American novelist and screenwriter (1899–1982)

William Riley Burnett (November 25, 1899 – April 25, 1982) was an American crime novelist and screenwriter.

His debut novel Little Caesar (1929) was adapted into the 1931 film of the same name, which is considered the first of the classic American gangster movies. Several of his other novels and short stories were also adapted to screen, notably High Sierra and The Asphalt Jungle.

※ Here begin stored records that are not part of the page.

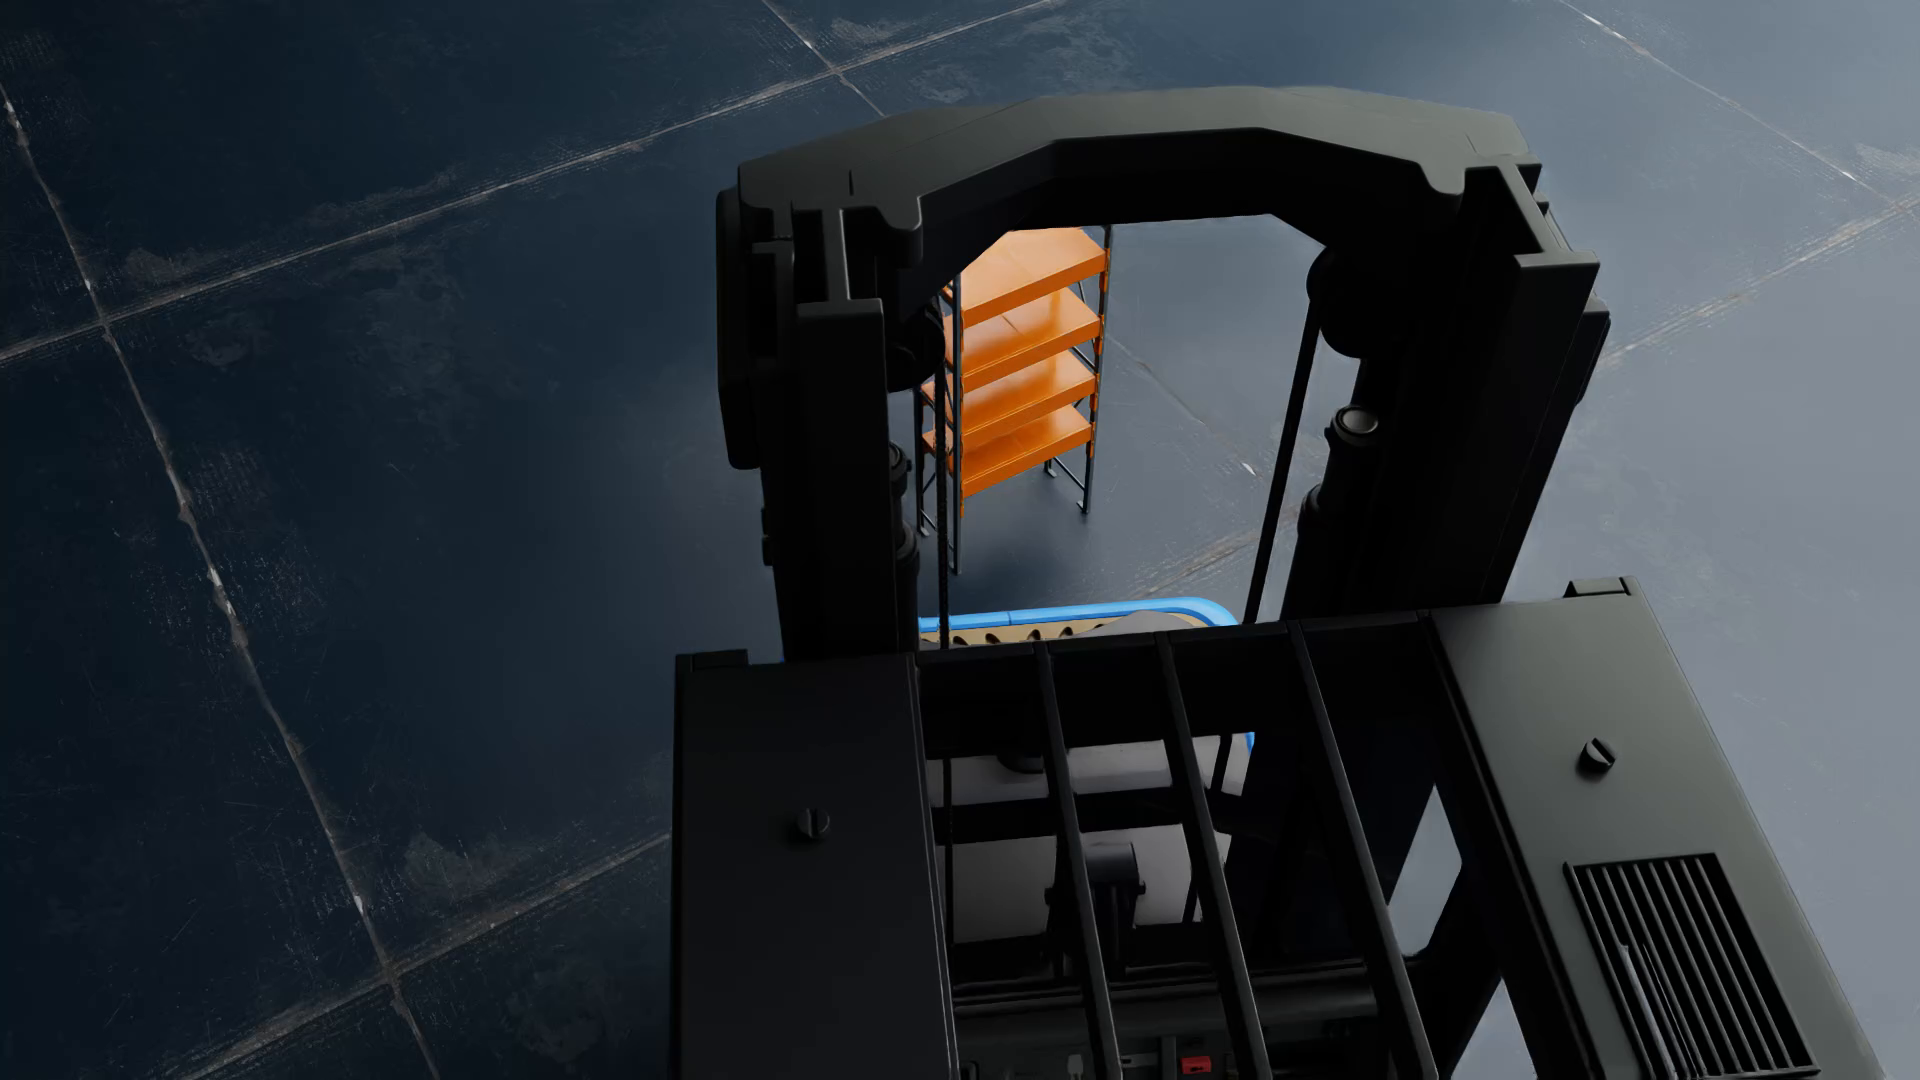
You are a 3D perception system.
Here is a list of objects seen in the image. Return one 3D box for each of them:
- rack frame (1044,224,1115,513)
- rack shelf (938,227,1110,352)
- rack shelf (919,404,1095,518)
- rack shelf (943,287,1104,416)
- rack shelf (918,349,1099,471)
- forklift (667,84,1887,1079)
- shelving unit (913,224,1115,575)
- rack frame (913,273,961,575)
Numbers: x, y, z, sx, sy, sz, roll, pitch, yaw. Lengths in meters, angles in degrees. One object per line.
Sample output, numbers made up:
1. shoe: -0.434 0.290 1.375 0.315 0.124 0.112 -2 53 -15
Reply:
1. rack frame: 0.346 -0.562 4.947 0.015 1.200 0.240 -25 53 -21
2. rack shelf: 0.140 -0.726 4.567 0.480 0.148 0.258 -25 53 -21
3. rack shelf: 0.140 -0.288 5.059 0.480 0.148 0.258 -25 53 -21
4. rack shelf: 0.140 -0.569 4.744 0.480 0.148 0.258 -25 53 -21
5. rack shelf: 0.140 -0.420 4.911 0.480 0.148 0.258 -25 53 -21
6. forklift: 0.260 0.993 2.403 1.130 2.935 3.031 -4 48 -4
7. shelving unit: 0.140 -0.465 4.861 0.503 1.200 0.258 -25 53 -21
8. rack frame: -0.066 -0.368 4.774 0.015 1.200 0.240 -25 53 -21
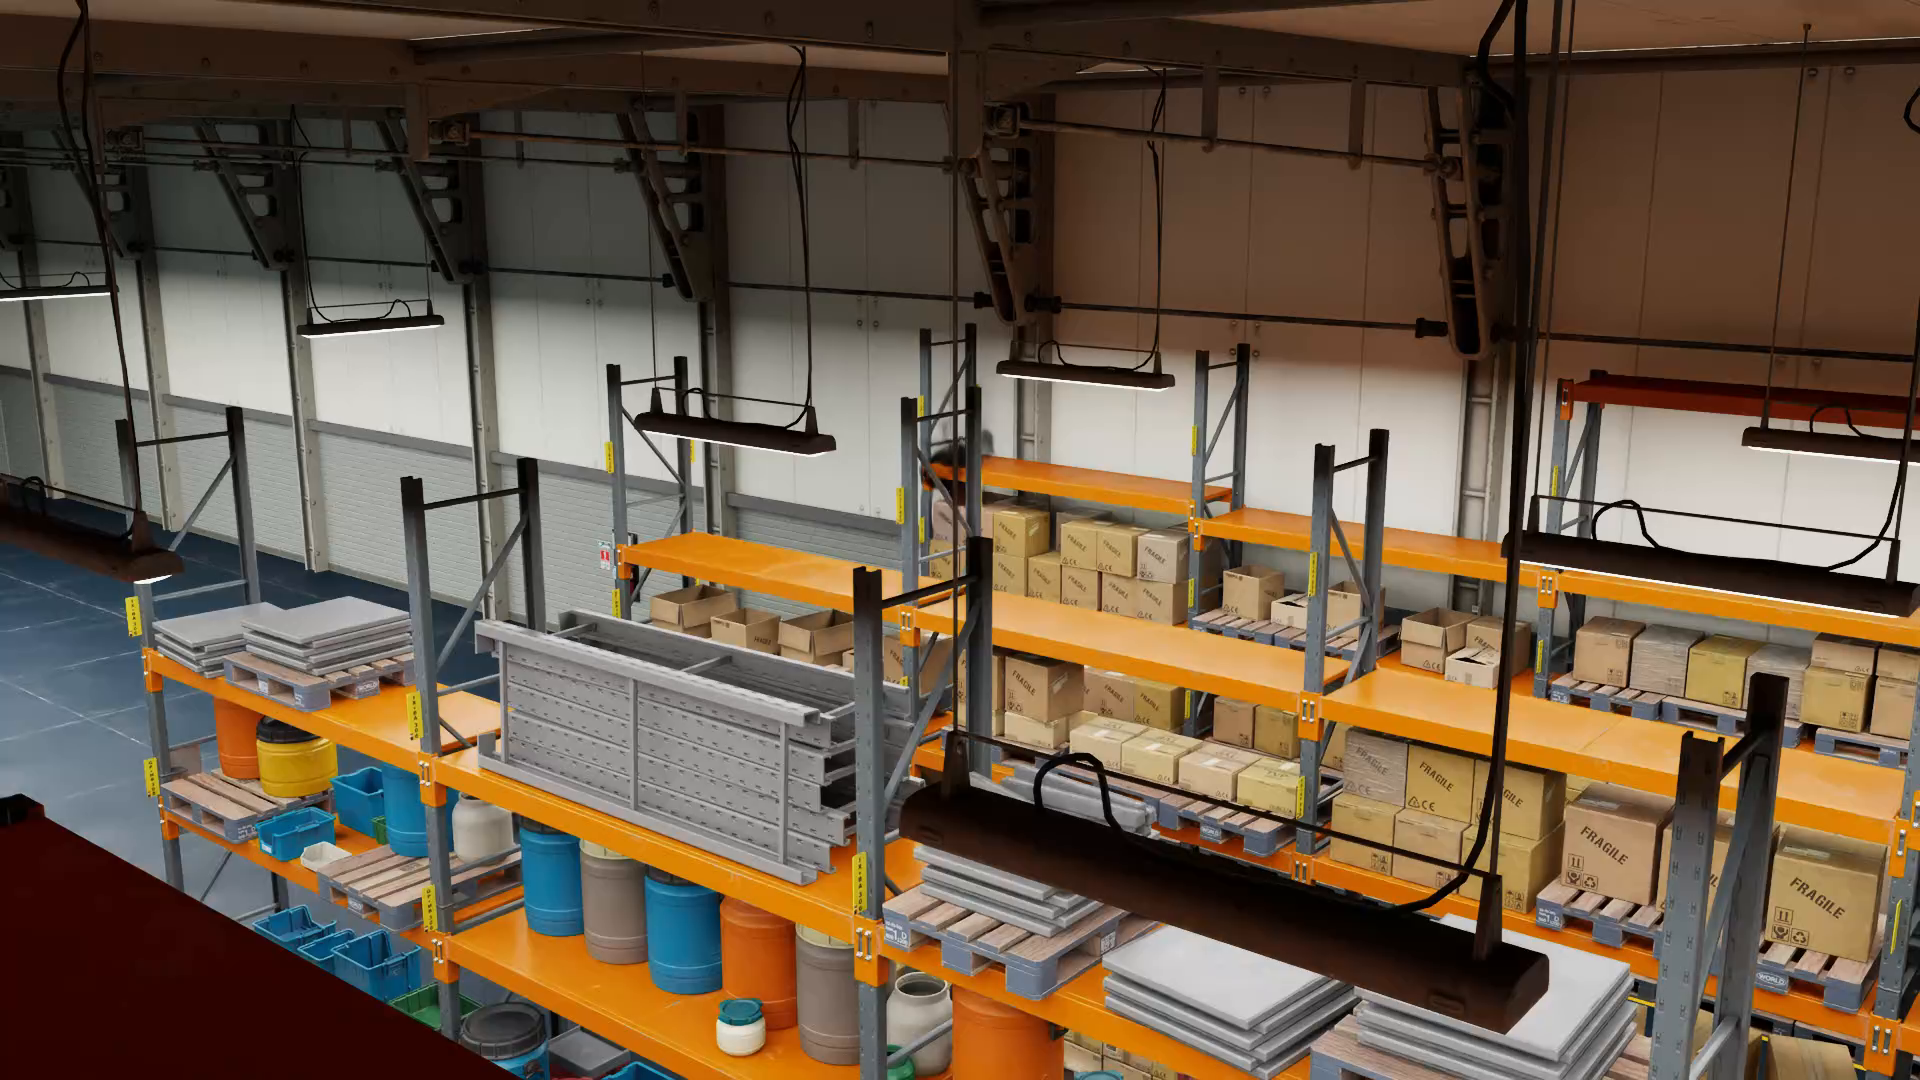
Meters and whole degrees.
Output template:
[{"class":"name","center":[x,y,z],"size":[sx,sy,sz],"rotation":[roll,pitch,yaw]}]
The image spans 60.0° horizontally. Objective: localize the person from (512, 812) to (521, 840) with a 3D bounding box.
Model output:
[{"class":"person","center":[-5.037,2.974,19.240],"size":[0.612,1.674,0.647],"rotation":[-6,14,-27]}]
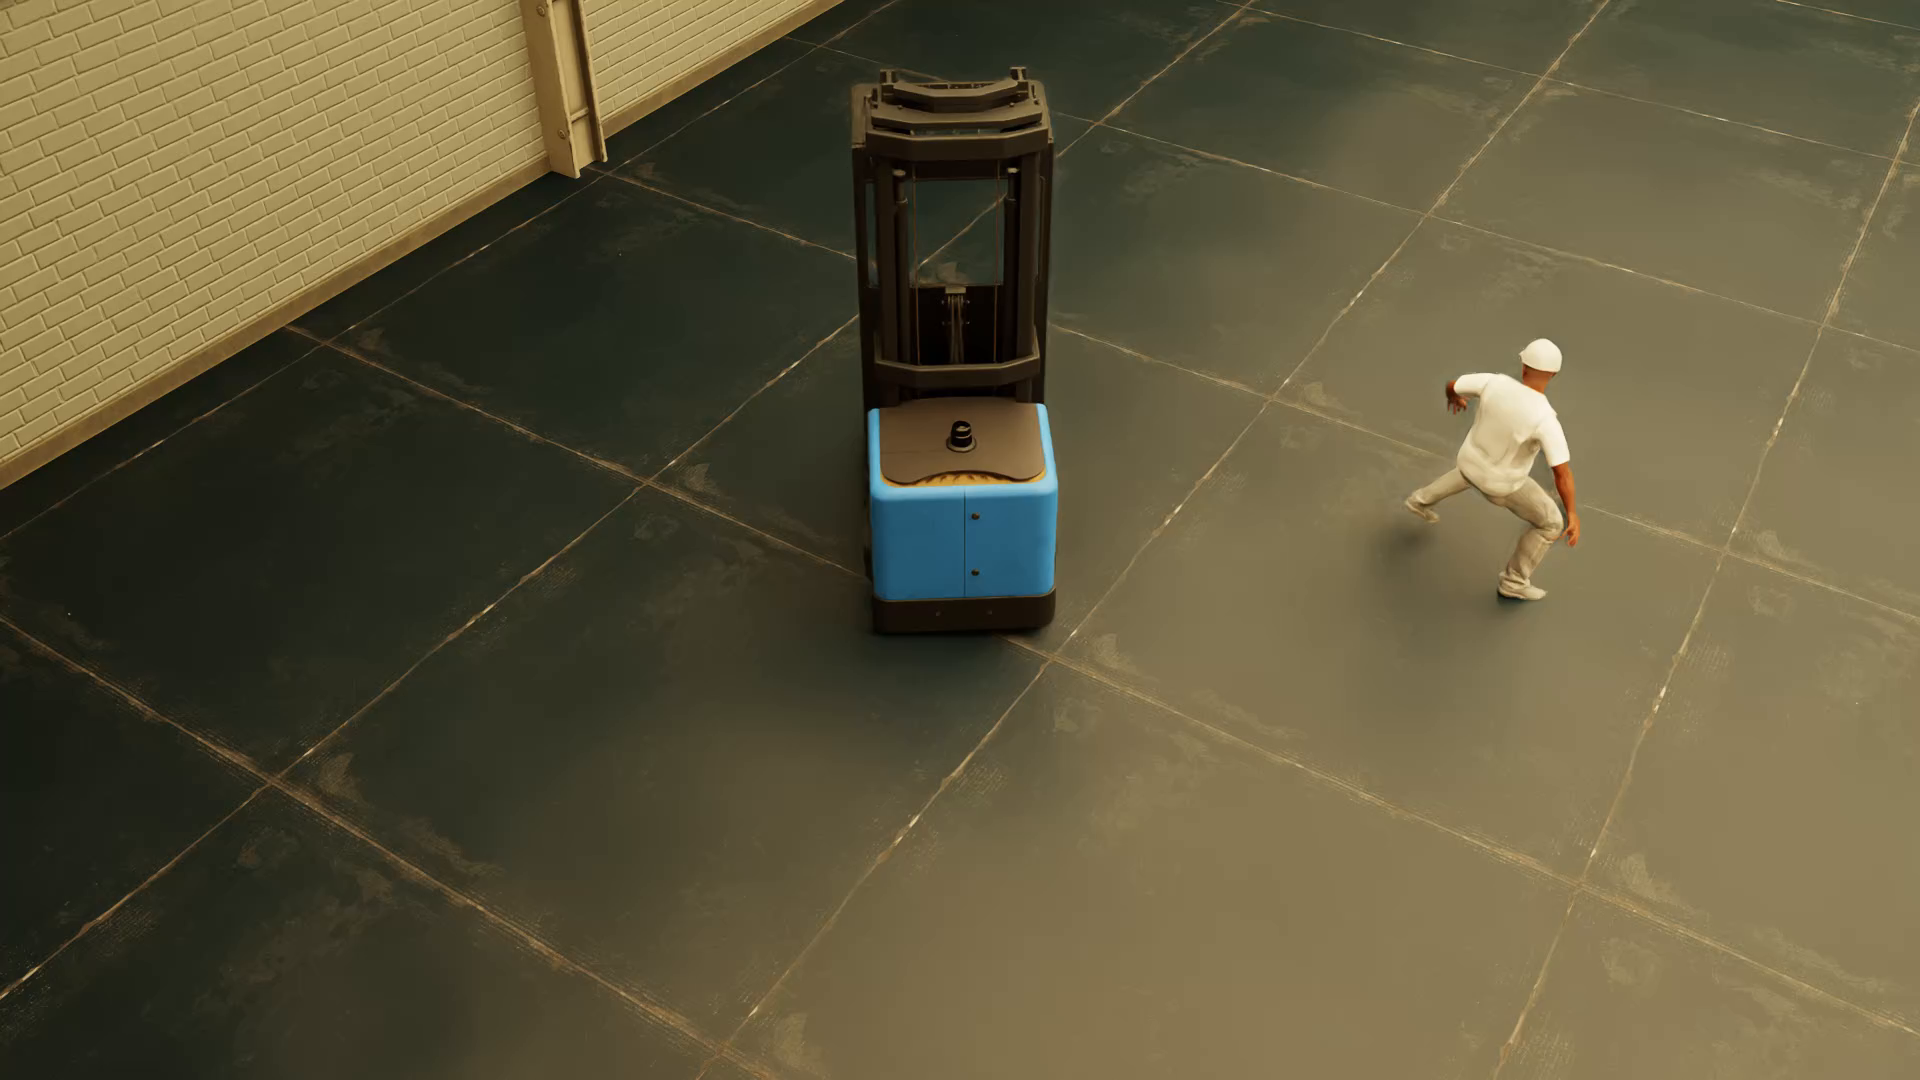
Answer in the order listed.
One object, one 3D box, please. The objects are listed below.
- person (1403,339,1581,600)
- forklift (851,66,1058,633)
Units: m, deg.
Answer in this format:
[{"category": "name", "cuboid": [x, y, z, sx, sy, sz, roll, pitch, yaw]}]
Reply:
[{"category": "person", "cuboid": [3.152, -0.411, 9.508, 0.512, 1.639, 1.193, -18, 43, -20]}, {"category": "forklift", "cuboid": [-0.053, -1.526, 9.768, 1.130, 2.935, 3.031, -2, 40, -2]}]
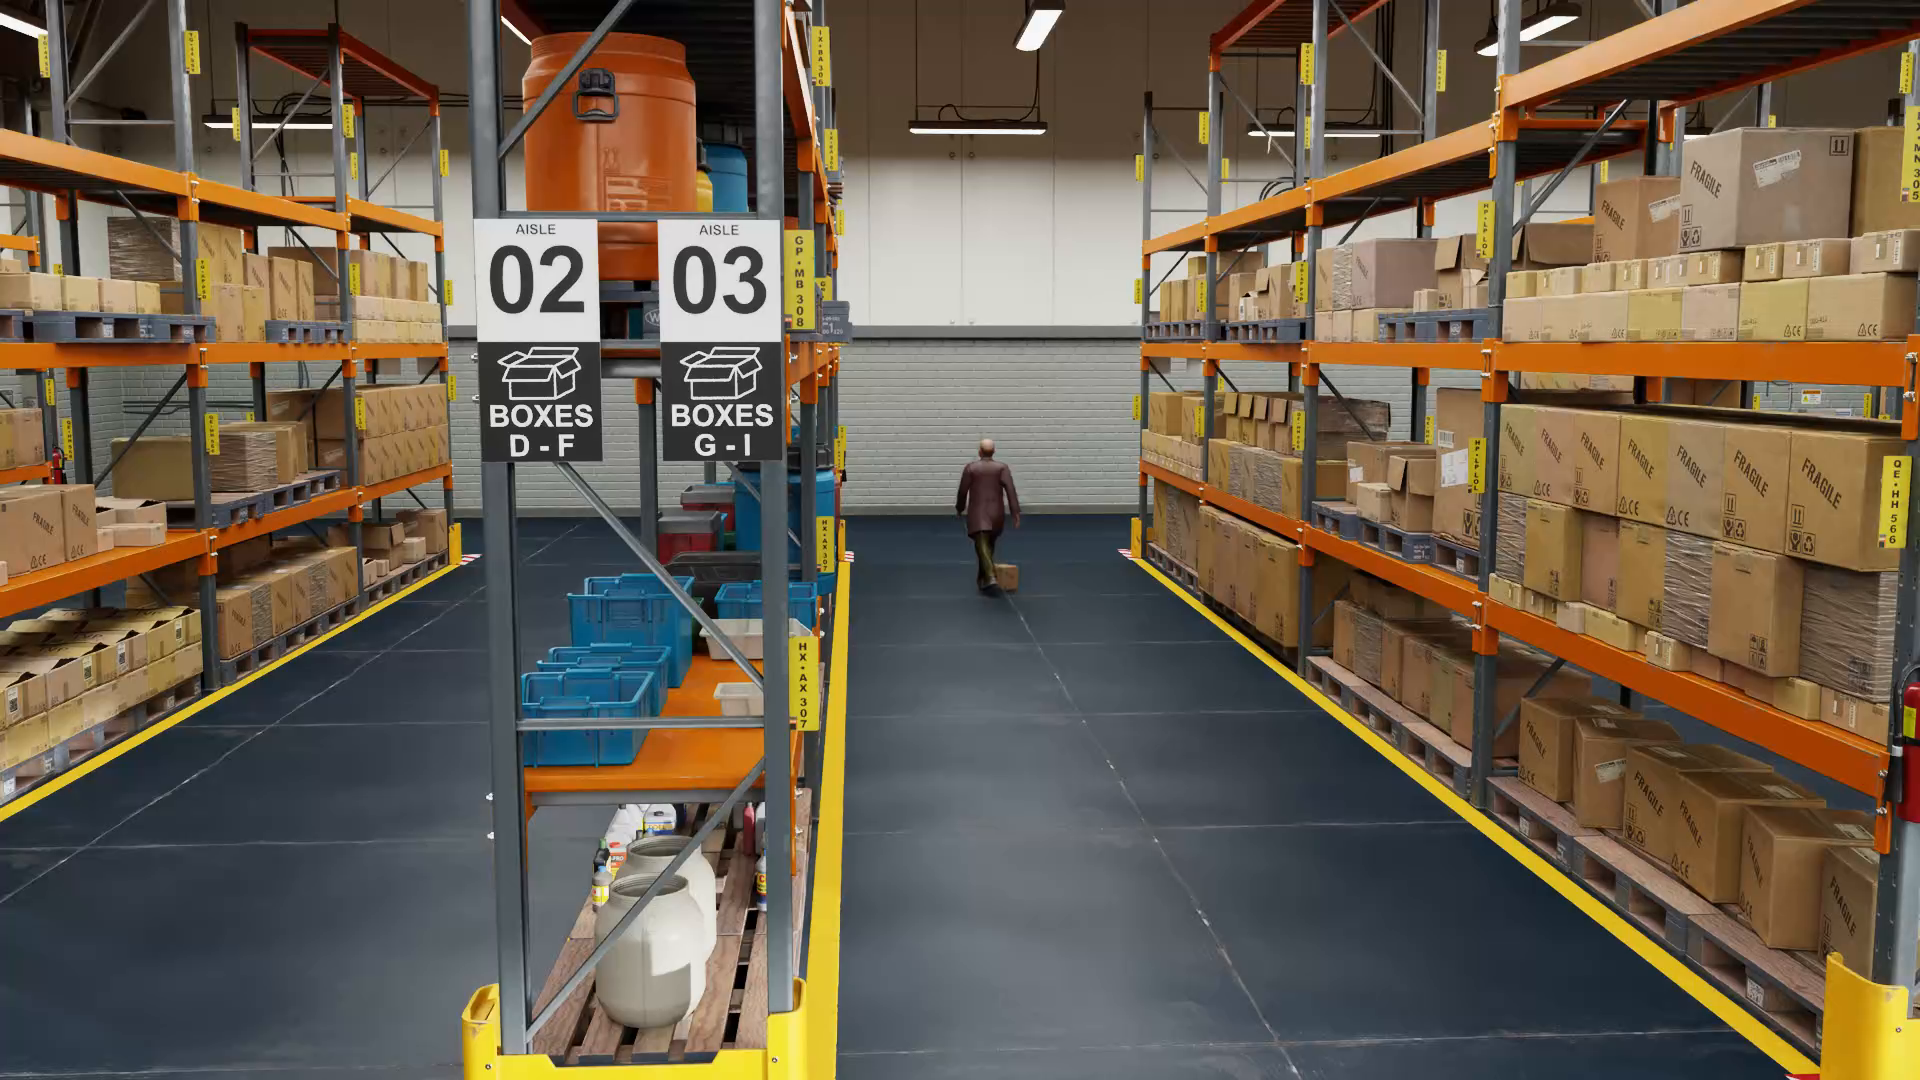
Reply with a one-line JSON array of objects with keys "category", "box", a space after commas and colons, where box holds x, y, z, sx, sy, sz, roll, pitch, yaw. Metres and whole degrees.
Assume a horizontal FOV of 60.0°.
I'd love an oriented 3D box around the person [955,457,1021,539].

As a screenwriter, Burnett was nominated for an Academy Award for Best Original Screenplay for his work on Wake Island (1942). His other notable film credits included Scarface (1932), This Gun for Hire (1942), Vendetta (1950), and The Great Escape (1963).

==Early life==
Burnett was born in Springfield, Ohio, and attended Miami Military Institute in Germantown, Ohio. He left his civil service job in Springfield to move to Chicago when he was 28, by which time he had written over 100 short stories and five novels, all unpublished.

==Novelist==
In Chicago, Burnett found a job as a night clerk in the Northmere Hotel. His experiences with the people at the hotel, including gangsters, inspired Little Caesar (novel 1929, film 1931). The novel's overnight success landed him a job as a Hollywood screenwriter. Little Caesar became a classic movie, produced by First National Pictures (Warner Brothers) and starring then little known Edward G. Robinson.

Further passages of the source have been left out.